_Exercise directions_: Look in the material below for the line holding "vase: (-0.197, 0.098, 0.820);". Set it down exactly, with each later line up to and including the line holding "Use one line".

(Beginning of Data provided)

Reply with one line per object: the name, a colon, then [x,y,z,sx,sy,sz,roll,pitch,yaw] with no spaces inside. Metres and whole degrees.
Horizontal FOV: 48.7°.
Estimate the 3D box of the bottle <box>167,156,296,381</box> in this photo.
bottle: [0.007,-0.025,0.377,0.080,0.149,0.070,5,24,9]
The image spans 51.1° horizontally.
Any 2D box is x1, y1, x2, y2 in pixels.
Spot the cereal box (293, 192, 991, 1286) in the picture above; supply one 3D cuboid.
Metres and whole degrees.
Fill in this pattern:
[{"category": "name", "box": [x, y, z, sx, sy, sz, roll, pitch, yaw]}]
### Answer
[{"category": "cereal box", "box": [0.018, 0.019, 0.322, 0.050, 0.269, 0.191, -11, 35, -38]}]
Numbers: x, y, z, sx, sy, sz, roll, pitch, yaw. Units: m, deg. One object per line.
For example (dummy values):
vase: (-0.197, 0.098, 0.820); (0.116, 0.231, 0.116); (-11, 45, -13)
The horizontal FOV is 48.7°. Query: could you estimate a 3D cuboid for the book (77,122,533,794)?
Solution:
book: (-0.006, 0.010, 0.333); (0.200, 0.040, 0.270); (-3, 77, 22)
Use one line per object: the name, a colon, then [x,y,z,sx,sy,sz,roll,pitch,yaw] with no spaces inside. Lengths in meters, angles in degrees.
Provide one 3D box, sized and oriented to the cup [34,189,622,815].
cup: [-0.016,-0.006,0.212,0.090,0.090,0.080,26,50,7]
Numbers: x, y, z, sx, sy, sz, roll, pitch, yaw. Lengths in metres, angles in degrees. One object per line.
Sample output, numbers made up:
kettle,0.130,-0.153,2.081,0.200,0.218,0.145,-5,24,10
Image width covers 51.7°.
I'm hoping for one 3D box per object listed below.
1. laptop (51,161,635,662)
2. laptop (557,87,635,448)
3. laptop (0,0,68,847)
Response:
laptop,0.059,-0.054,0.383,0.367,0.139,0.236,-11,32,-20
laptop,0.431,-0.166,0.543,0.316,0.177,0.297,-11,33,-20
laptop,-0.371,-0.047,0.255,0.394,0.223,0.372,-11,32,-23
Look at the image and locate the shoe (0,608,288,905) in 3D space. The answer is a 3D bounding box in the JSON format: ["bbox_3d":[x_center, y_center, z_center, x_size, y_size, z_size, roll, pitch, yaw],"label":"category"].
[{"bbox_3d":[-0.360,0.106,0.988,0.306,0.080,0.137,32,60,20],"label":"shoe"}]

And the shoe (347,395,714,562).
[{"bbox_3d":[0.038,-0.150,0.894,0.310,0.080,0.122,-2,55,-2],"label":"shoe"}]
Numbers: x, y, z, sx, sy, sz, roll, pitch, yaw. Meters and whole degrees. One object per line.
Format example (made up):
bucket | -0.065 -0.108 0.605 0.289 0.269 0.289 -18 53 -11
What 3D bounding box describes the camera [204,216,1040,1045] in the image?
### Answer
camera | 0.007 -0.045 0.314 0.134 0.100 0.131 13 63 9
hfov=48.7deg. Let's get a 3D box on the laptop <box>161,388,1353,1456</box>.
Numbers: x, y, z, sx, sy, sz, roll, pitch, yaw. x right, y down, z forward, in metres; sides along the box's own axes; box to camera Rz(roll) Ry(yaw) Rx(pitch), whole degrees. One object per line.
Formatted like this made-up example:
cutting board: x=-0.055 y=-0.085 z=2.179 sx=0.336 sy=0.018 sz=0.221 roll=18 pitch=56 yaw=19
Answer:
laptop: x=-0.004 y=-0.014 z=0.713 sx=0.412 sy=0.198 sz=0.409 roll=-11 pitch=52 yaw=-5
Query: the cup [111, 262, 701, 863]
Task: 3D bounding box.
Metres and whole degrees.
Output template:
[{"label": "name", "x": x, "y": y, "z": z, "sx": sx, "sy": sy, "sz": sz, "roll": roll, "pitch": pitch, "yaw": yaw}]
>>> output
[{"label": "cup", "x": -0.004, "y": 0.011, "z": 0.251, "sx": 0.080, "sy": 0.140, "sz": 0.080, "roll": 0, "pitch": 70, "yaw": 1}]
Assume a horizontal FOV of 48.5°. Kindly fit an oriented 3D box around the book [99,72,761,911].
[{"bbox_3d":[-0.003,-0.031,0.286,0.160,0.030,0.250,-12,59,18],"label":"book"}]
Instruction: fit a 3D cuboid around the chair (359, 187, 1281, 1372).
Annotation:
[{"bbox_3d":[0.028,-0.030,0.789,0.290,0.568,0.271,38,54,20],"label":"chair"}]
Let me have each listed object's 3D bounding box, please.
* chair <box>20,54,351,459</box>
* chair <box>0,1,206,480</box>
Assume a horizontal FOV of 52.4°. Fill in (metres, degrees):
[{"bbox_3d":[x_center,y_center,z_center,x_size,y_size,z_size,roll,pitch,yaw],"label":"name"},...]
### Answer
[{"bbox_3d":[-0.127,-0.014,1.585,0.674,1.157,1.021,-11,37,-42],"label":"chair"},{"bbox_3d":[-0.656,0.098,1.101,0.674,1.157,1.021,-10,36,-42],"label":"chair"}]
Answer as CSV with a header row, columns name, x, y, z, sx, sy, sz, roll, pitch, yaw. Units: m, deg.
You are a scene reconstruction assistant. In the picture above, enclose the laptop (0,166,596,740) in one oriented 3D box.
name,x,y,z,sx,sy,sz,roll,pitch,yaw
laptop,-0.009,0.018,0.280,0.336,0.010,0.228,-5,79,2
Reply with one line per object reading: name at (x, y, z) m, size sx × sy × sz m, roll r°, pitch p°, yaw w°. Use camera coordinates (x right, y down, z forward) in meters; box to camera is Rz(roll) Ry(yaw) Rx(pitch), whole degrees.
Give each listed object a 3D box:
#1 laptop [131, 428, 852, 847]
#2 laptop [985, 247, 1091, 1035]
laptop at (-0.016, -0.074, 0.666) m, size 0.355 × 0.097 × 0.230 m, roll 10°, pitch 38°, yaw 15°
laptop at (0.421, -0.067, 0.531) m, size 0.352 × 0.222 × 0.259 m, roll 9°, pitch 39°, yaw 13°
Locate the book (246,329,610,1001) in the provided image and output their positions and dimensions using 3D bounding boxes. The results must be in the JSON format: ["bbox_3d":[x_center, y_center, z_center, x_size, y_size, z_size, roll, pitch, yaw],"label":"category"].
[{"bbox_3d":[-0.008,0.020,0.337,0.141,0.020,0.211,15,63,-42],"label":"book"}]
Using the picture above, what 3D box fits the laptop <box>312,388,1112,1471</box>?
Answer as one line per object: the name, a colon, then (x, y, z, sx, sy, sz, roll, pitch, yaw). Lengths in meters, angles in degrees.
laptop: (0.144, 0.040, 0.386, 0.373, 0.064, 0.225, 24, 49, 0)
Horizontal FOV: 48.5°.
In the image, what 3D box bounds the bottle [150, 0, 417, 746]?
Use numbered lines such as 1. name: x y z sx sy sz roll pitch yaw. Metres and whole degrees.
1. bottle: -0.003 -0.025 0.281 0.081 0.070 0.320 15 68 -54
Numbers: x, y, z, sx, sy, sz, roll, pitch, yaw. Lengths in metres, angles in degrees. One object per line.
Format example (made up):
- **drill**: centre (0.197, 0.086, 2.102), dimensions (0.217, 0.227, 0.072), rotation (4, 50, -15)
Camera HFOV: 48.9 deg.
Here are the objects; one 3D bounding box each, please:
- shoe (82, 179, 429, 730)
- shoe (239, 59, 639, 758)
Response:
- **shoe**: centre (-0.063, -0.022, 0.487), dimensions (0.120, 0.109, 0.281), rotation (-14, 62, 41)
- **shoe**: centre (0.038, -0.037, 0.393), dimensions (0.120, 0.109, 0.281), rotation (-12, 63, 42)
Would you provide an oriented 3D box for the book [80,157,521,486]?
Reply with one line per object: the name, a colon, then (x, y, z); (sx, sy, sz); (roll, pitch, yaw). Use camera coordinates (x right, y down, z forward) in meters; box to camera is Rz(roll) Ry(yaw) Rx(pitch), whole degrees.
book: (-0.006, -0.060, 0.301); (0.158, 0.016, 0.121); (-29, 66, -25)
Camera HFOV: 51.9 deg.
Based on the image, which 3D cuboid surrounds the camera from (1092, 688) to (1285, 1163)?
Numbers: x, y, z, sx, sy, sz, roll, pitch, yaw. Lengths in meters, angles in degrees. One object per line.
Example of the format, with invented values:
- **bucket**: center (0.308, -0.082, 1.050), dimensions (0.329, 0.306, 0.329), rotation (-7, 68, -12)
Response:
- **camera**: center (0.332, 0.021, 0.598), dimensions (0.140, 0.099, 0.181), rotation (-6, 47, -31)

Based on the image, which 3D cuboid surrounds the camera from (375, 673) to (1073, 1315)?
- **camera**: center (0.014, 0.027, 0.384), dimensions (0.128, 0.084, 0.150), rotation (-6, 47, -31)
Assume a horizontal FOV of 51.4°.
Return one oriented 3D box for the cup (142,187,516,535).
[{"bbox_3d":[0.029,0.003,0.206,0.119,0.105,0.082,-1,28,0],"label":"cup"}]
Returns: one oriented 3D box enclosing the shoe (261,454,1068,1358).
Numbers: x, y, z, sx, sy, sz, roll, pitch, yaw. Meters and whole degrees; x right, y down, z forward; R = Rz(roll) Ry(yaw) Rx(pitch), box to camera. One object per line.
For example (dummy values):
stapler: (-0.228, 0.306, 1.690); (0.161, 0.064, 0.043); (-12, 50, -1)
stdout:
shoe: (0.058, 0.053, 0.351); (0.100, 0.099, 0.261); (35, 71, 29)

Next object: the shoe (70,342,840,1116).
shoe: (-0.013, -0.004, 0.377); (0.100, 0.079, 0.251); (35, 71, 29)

(End of Data provided)

_Answer section_:
vase: (-0.197, 0.098, 0.820); (0.116, 0.231, 0.116); (-11, 45, -13)
The horizontal FOV is 48.7°. Query: could you estimate a 3D cuboid for the book (77,122,533,794)?
Solution:
book: (-0.006, 0.010, 0.333); (0.200, 0.040, 0.270); (-3, 77, 22)
Use one line per object: the name, a colon, then [x,y,z,sx,sy,sz,roll,pitch,yaw] with no spaces inside. Lengths in meters, angles in degrees.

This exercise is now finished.